Georges Amsel (7 May 1933 – 11 March 2017) was a French physicist, Director of Research at the French National Centre for Scientific Research.

==Biography==
Georges was born on 7 May 1933 in Budapest, Hungary to Hugo and Sara (Fried) Amsel. After having been deported from Hungary in 1944, and finding refuge in Switzerland
in 1945, he undertook high-school studies in Geneva and then in Paris, continuing
on in the Physics Laboratory of Ecole Normale Supérieure to obtain his doctorate in nuclear
physics in 1963. During his doctoral study, and under the guidance of Pierre Aigrain he researched the possibilities for charged particle detection offered by semiconductor diodes and developed some of the first such detectors in 1959.
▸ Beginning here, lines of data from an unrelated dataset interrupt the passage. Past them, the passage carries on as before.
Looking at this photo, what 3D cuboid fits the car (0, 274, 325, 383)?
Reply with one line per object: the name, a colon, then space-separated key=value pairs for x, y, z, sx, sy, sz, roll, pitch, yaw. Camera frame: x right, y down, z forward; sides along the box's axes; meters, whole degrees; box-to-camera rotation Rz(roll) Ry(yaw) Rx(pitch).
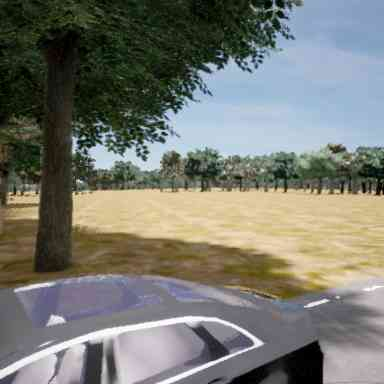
car: x=-1.093 y=1.484 z=2.301 sx=4.902 sy=1.511 sz=2.128 roll=0 pitch=0 yaw=-35
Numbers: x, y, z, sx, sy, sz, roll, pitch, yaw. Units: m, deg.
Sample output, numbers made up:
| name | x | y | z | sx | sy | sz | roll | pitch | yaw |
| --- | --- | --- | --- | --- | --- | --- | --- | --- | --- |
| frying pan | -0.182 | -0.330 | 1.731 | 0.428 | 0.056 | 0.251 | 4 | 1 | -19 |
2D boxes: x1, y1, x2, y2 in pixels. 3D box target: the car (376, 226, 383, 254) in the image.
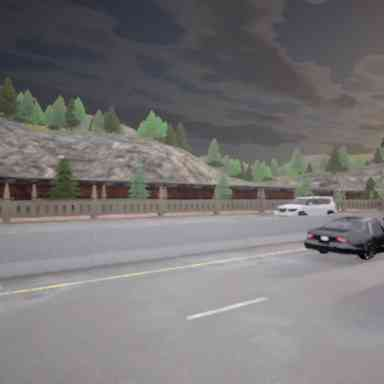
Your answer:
| name | x | y | z | sx | sy | sz | roll | pitch | yaw |
| --- | --- | --- | --- | --- | --- | --- | --- | --- | --- |
| car | 6.938 | 1.637 | 8.675 | 4.181 | 1.385 | 1.994 | 0 | 0 | -35 |

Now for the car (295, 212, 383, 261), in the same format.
| name | x | y | z | sx | sy | sz | roll | pitch | yaw |
| --- | --- | --- | --- | --- | --- | --- | --- | --- | --- |
| car | 6.556 | 1.634 | 12.674 | 5.357 | 1.411 | 2.033 | 0 | 0 | -35 |

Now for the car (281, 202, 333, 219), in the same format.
| name | x | y | z | sx | sy | sz | roll | pitch | yaw |
| --- | --- | --- | --- | --- | --- | --- | --- | --- | --- |
| car | 11.026 | 1.707 | 31.842 | 4.892 | 1.490 | 1.837 | 0 | -1 | -27 |

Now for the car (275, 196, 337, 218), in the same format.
| name | x | y | z | sx | sy | sz | roll | pitch | yaw |
| --- | --- | --- | --- | --- | --- | --- | --- | --- | --- |
| car | 9.277 | 1.387 | 26.950 | 5.566 | 2.045 | 2.150 | 0 | 0 | -30 |
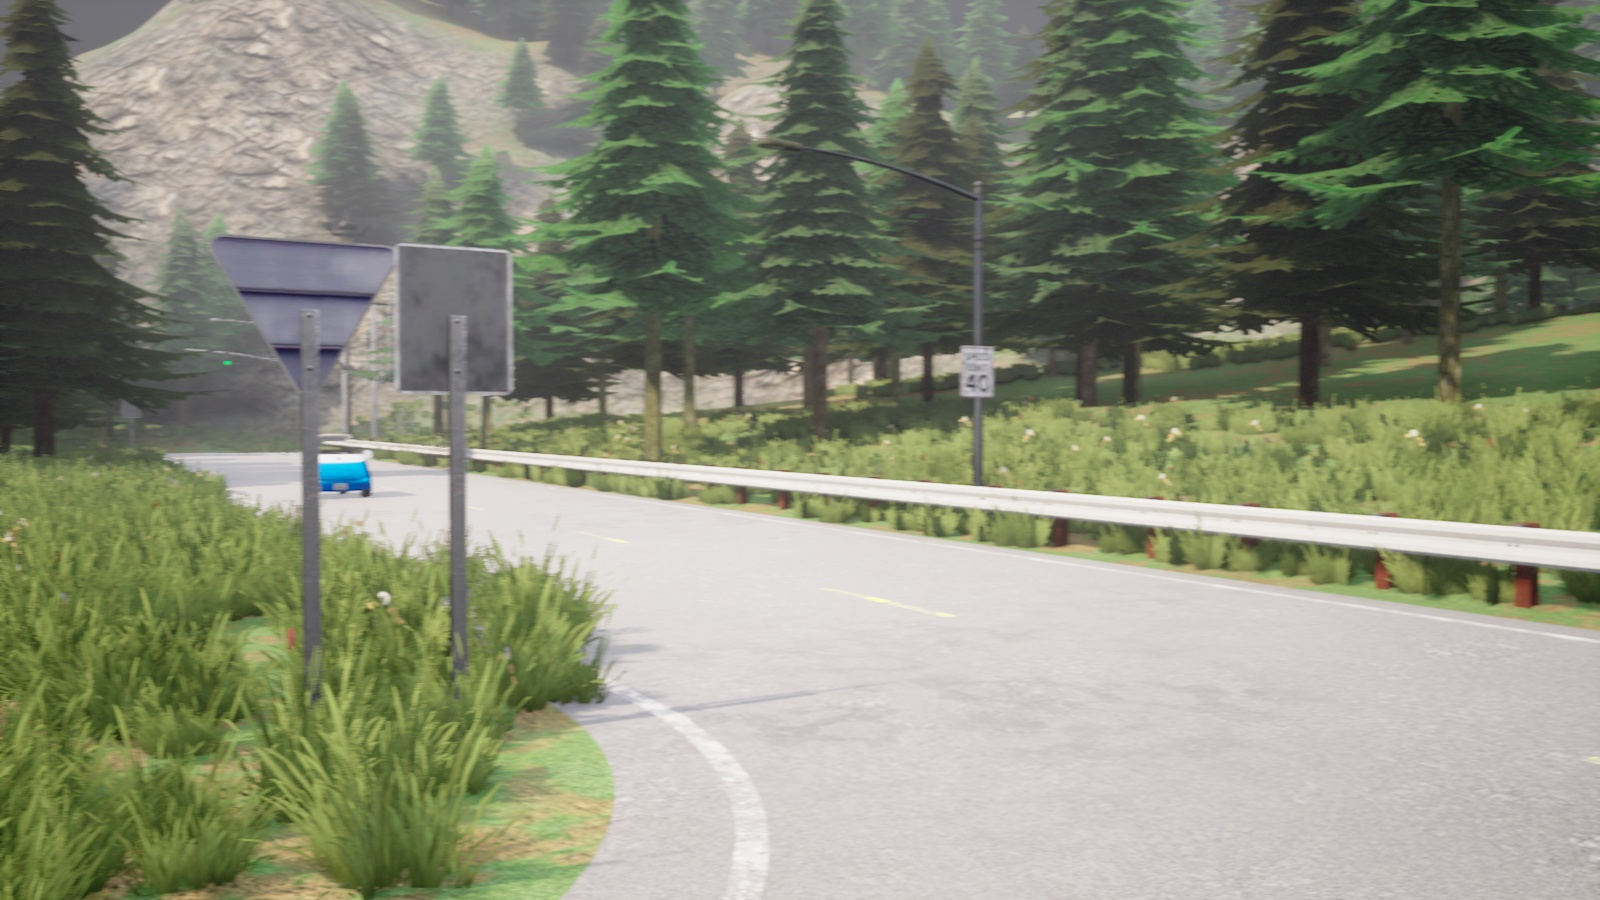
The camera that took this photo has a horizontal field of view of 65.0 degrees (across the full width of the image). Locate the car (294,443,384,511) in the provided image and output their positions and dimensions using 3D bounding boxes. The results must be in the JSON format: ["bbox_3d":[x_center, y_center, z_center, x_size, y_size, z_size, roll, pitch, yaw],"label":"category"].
[{"bbox_3d":[-10.072,0.549,27.379,1.481,1.376,2.207,-2,1,-29],"label":"car"}]
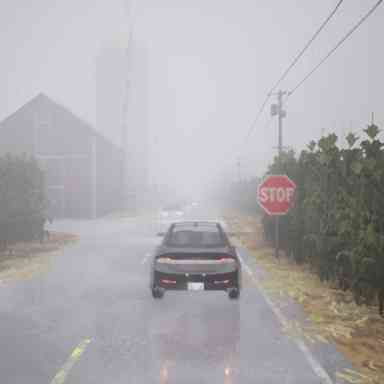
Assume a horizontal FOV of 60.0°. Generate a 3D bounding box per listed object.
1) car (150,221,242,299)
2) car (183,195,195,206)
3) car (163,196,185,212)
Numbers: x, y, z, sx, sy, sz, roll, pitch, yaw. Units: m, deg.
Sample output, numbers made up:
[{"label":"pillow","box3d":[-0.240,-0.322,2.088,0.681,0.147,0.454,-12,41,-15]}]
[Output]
[{"label":"car","box3d":[0.097,1.491,8.431,2.128,1.511,4.902,0,0,1]},{"label":"car","box3d":[-1.167,1.345,52.914,2.097,1.767,4.553,0,0,5]},{"label":"car","box3d":[-2.198,1.521,39.030,1.812,1.442,4.674,0,0,4]}]
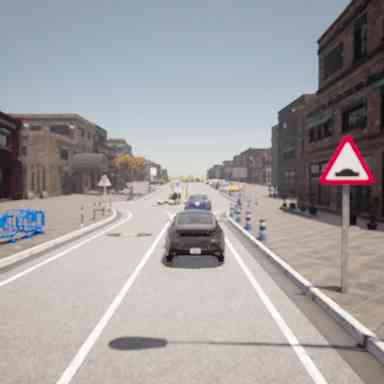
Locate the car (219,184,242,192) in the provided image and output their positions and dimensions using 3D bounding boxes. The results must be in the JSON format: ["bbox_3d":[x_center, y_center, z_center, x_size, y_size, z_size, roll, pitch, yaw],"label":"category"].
[{"bbox_3d":[8.172,-0.855,70.878,4.674,1.452,2.002,0,3,-1],"label":"car"}]

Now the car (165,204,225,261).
[{"bbox_3d":[0.098,1.385,11.829,1.837,1.490,4.892,0,1,0],"label":"car"}]

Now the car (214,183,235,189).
[{"bbox_3d":[8.036,-1.488,81.882,5.008,1.535,2.097,0,3,-1],"label":"car"}]

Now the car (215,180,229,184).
[{"bbox_3d":[8.105,-1.174,73.619,4.553,1.767,2.185,0,3,-1],"label":"car"}]

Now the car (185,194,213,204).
[{"bbox_3d":[0.637,0.903,27.940,2.097,1.767,4.553,0,2,5],"label":"car"}]

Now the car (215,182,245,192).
[{"bbox_3d":[8.015,-0.741,68.120,5.366,1.575,1.946,0,3,-1],"label":"car"}]

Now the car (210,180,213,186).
[{"bbox_3d":[7.983,-1.762,87.387,4.892,1.521,2.231,0,3,-1],"label":"car"}]

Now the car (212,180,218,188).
[{"bbox_3d":[8.134,-1.450,76.364,5.566,2.045,2.435,0,3,-1],"label":"car"}]
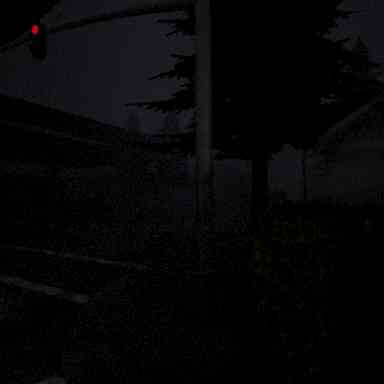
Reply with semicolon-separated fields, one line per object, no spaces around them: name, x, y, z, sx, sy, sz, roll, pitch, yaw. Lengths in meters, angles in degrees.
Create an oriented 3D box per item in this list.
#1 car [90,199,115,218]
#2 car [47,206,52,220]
car;-8.607;1.658;33.848;3.866;1.878;1.905;-1;-1;35
car;-15.411;1.881;31.714;4.611;1.667;2.242;-1;-1;35
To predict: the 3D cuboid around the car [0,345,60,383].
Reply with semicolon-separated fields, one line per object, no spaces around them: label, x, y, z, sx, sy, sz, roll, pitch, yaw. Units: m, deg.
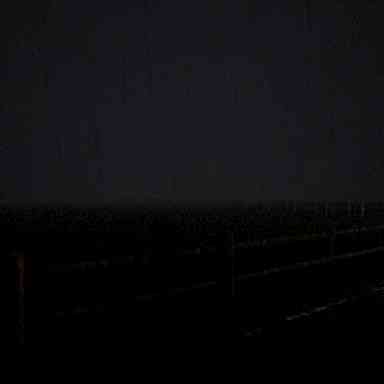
car;-2.987;1.552;0.826;5.357;1.411;2.033;0;0;-35
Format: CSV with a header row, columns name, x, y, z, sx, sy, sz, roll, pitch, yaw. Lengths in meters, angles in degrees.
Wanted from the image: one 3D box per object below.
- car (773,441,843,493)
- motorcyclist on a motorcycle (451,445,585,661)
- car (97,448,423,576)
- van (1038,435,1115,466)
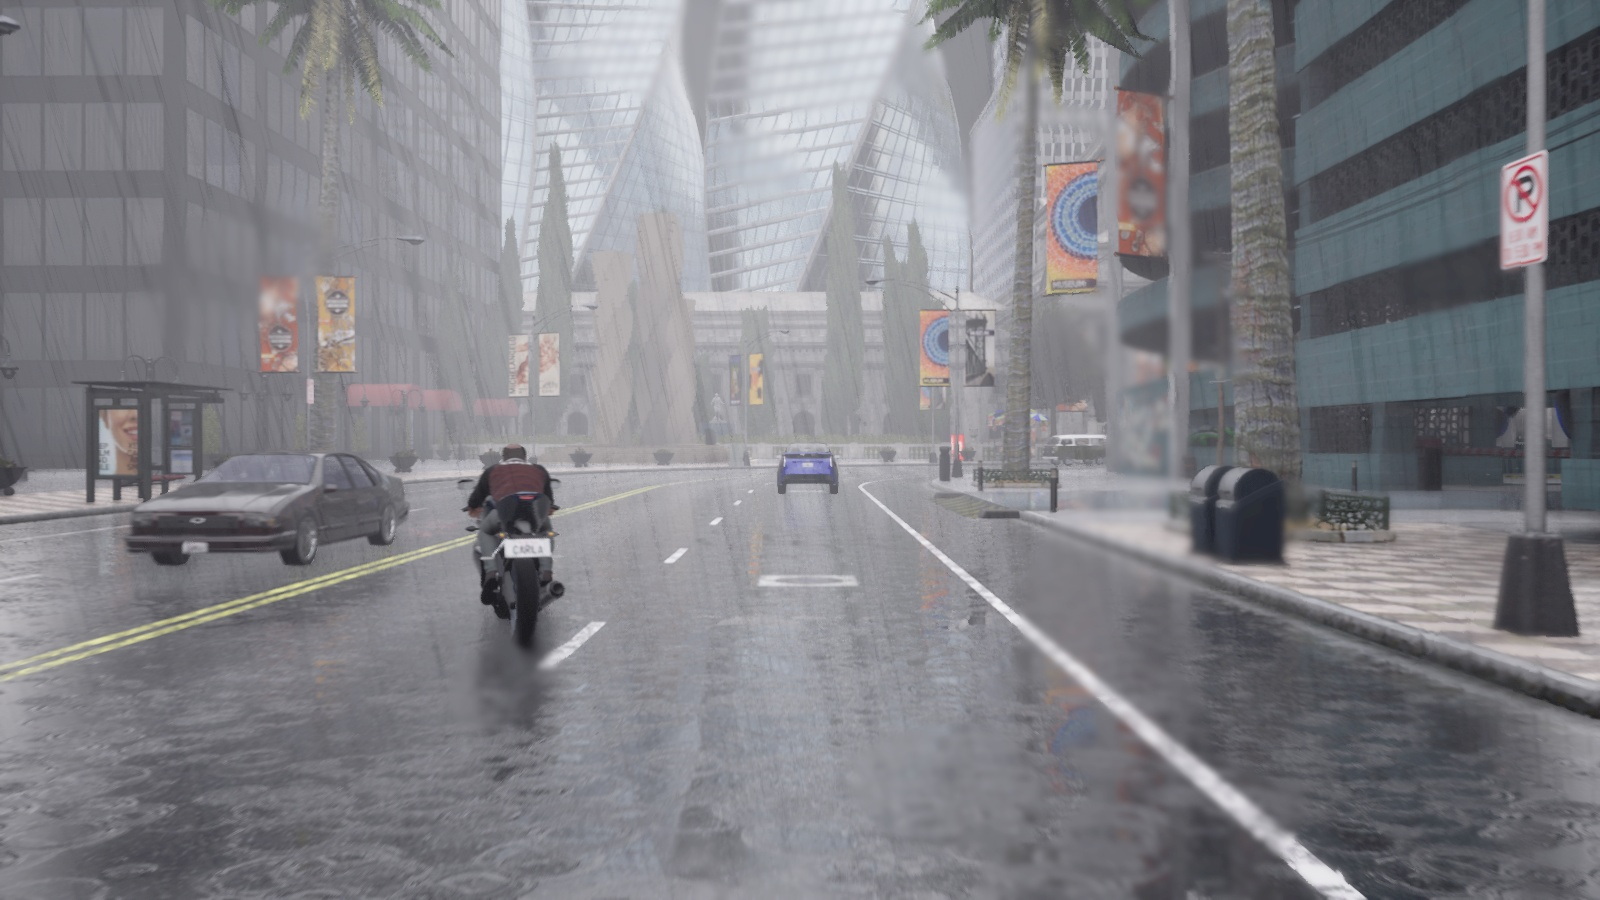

He was invited to the first conference on semiconductor detectors, held at Asheville, NC,
in 1960, where he presented the first Rutherford backscattering spectrometry to be obtained with a semiconductor detector. During this period, he studied low-energy nuclear
reactions on stable isotopes, developing anodizing methods for manufacturing
thin, self-supporting oxide films enriched in specific stable oxygen isotopes in collaboration
with David Samuel at the Weizmann Institute in Israel. With these targets, he discovered the
narrow resonances in the ^{18}O(p,a)^{15}N nuclear reaction. These discoveries were immediately put
to use in the field of stable isotopic tracing of atomic transport processes during thin-film growth
and transformation.
In 1968, he headed the installation of the HVEC AN2500 accelerator in the Solid State Physics
group of the Ecole Normale Supérieure. it was one of the first nuclear particle accelerators to be installed in a condensed matter physics laboratory rather than in a nuclear physics laboratory. During this time,
he also laid down the foundations of the stochastic treatment of charged particle energy
loss processes, opening the way to rapid and accurate calculations of excitation curves obtained
around narrow nuclear resonances, and providing an approach to calculating
the overshoot on the leading edge, due to the Lewis effect. He has helped in setting up several IBA laboratories around the world and was the director of AGLAE, the accelerator at the Louvre museum dedicated to analysis of cultural heritage materials.

==Awards and honors==
- 1964, CNRS Bronze Medal.
- 1971, CNRS Silver Medal.
- 1984, Hevesy Medal .
- 1987, SERVANT prize of the French Academy of Sciences.
- 1989, Officer of the Order of Arts and Letters.
- 1993, Félix Robin prize from the French Physical Society.
Member of Société Française de Physique, Institute of Physics.